##### RAW DATA

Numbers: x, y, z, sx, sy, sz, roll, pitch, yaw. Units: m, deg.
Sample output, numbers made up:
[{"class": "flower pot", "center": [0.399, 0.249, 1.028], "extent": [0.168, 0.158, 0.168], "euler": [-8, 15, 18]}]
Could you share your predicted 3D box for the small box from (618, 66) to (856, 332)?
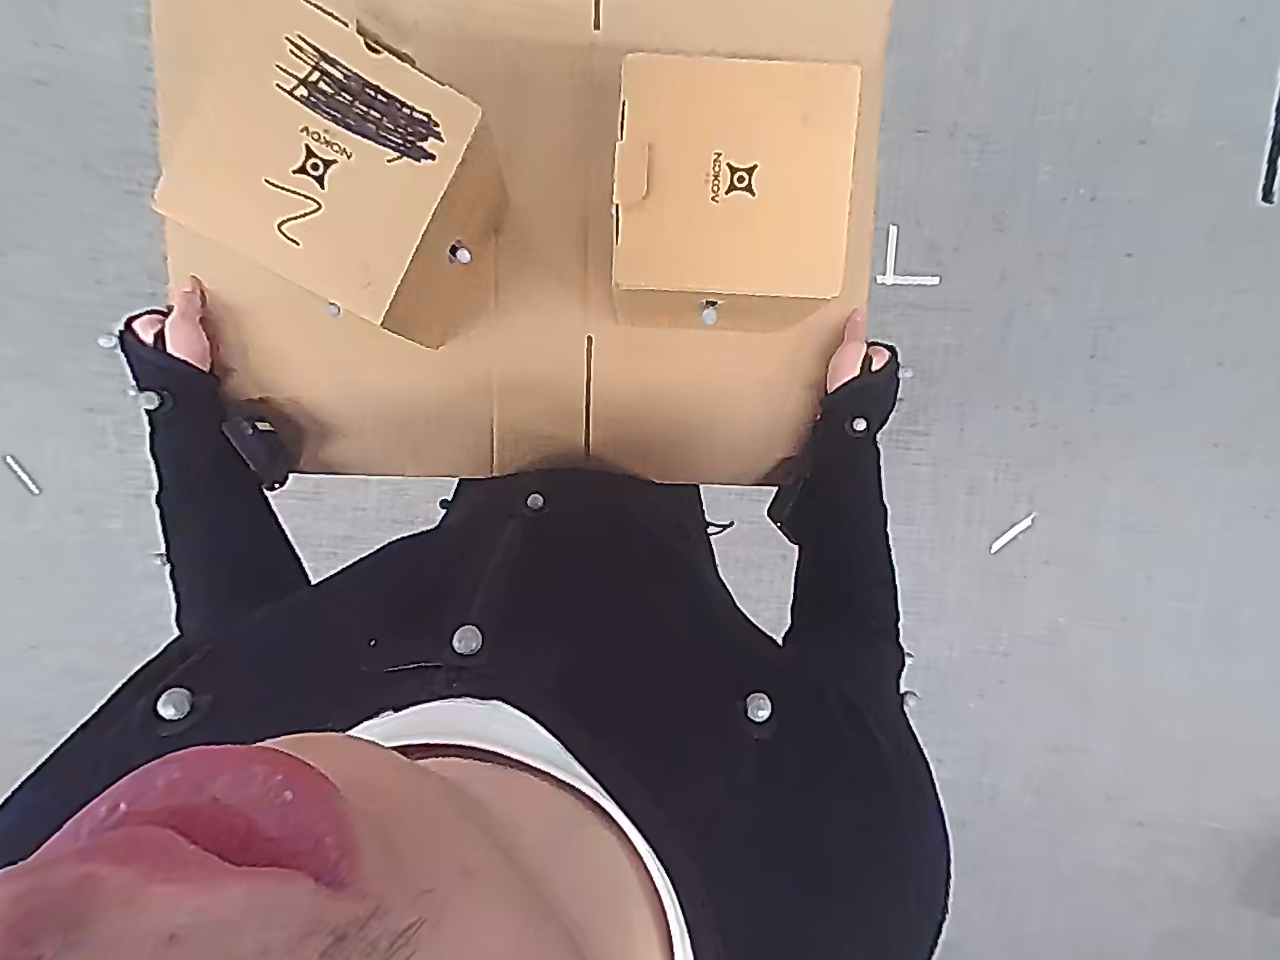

##########

[YOUR TASK]:
Nothing but the pictures may be dropped as you repeat the listing above exactly.

[RESPONSE TO THE EXERCISE]:
Numbers: x, y, z, sx, sy, sz, roll, pitch, yaw. Units: m, deg.
Sample output, numbers made up:
[{"class": "flower pot", "center": [0.399, 0.249, 1.028], "extent": [0.168, 0.158, 0.168], "euler": [-8, 15, 18]}]
Could you share your predicted 3D box for the small box from (618, 66) to (856, 332)?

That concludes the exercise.